→ TASK OBJECTIVE
No pictures, nothing altered: return the data below.

→ SUPPLIED MATERIAL
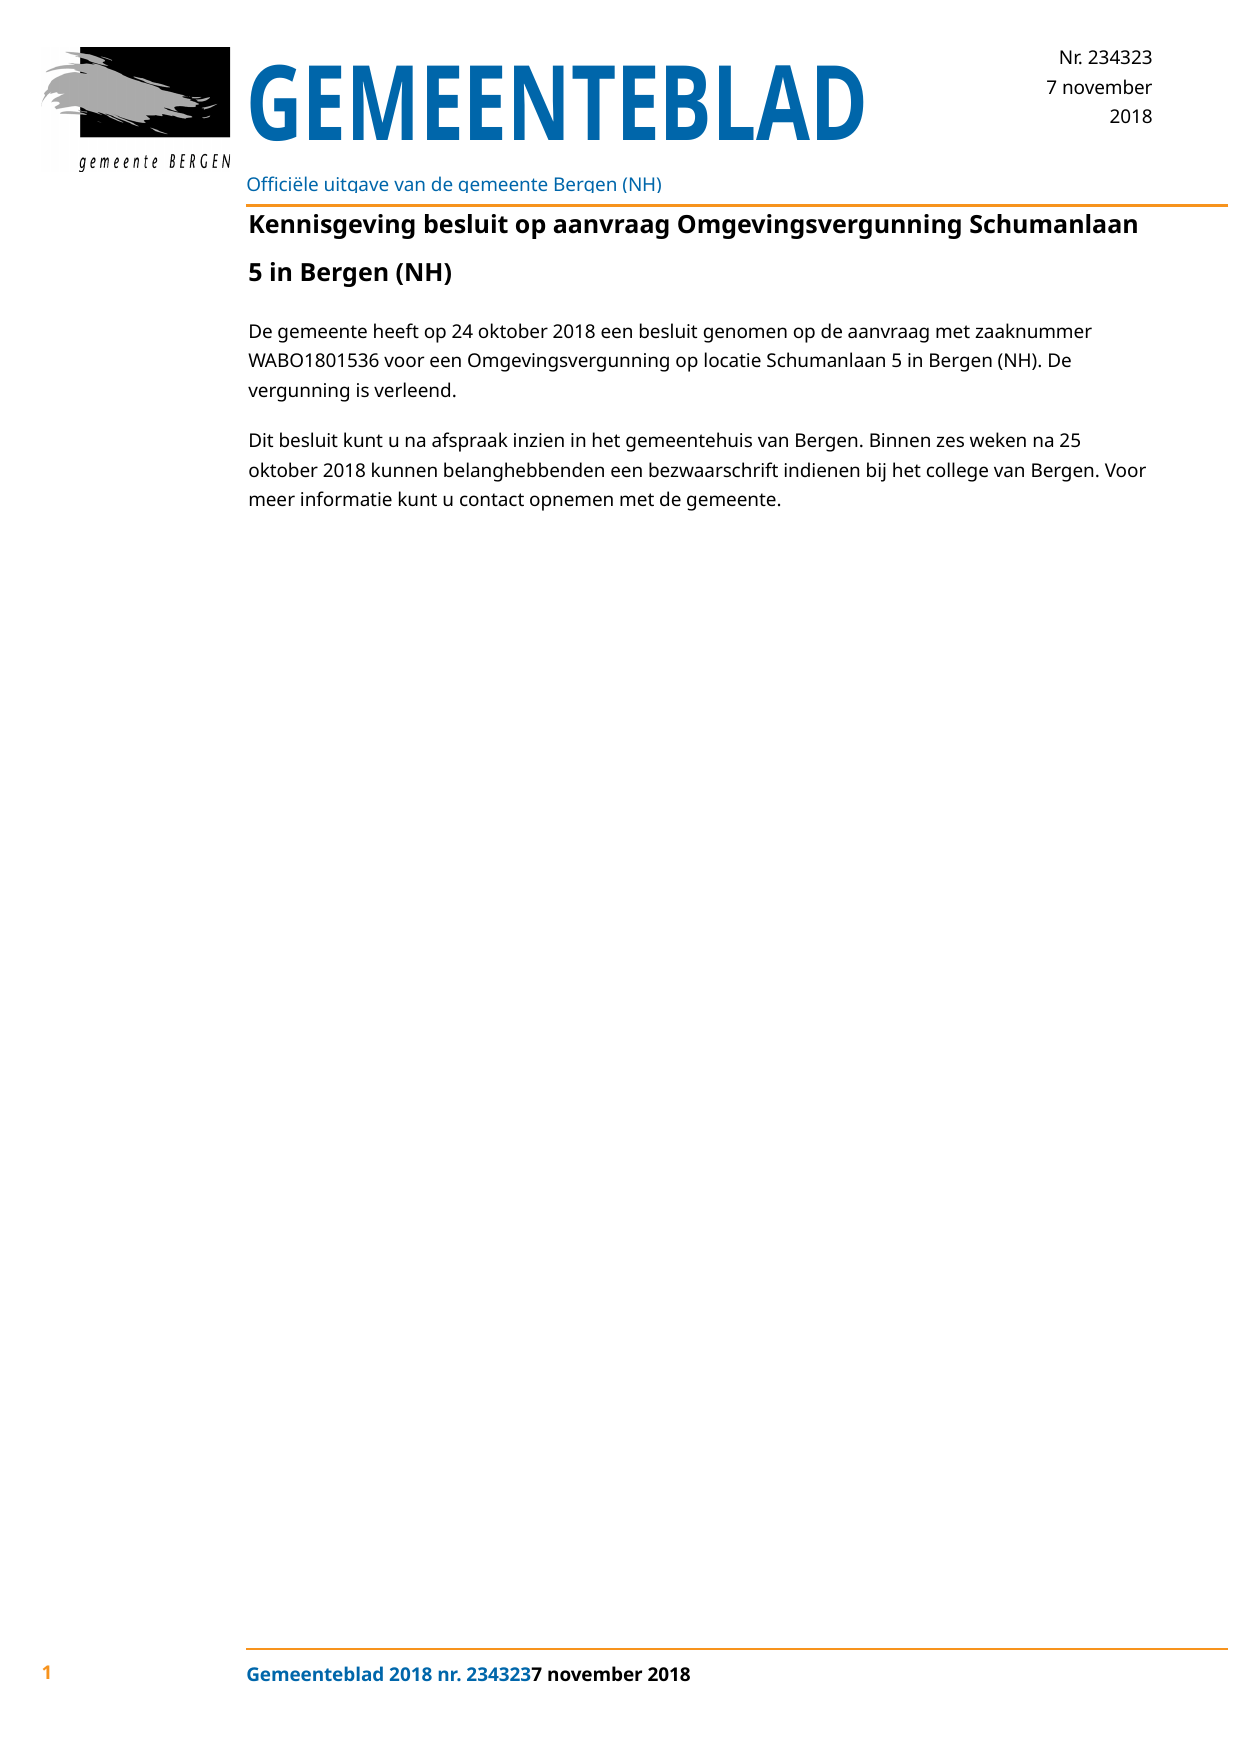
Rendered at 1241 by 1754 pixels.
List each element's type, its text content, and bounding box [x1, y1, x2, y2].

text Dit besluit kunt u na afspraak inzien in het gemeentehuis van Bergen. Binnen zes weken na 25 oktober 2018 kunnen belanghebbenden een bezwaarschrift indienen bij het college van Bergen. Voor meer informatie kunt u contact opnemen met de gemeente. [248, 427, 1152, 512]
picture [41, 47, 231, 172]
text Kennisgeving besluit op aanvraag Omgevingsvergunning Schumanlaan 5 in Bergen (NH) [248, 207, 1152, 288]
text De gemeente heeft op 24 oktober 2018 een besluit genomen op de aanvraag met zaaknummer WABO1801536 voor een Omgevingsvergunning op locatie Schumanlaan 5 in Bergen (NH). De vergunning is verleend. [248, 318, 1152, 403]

→ RESULT BELOW
Rendered at 1241 by 1754 pixels.
List each element's type, its text content, and bounding box [x1, y1, x2, y2].

text Dit besluit kunt u na afspraak inzien in het gemeentehuis van Bergen. Binnen zes weken na 25 oktober 2018 kunnen belanghebbenden een bezwaarschrift indienen bij het college van Bergen. Voor meer informatie kunt u contact opnemen met de gemeente. [248, 427, 1152, 512]
picture [41, 47, 231, 172]
text Kennisgeving besluit op aanvraag Omgevingsvergunning Schumanlaan 5 in Bergen (NH) [248, 207, 1152, 288]
text De gemeente heeft op 24 oktober 2018 een besluit genomen op de aanvraag met zaaknummer WABO1801536 voor een Omgevingsvergunning op locatie Schumanlaan 5 in Bergen (NH). De vergunning is verleend. [248, 318, 1152, 403]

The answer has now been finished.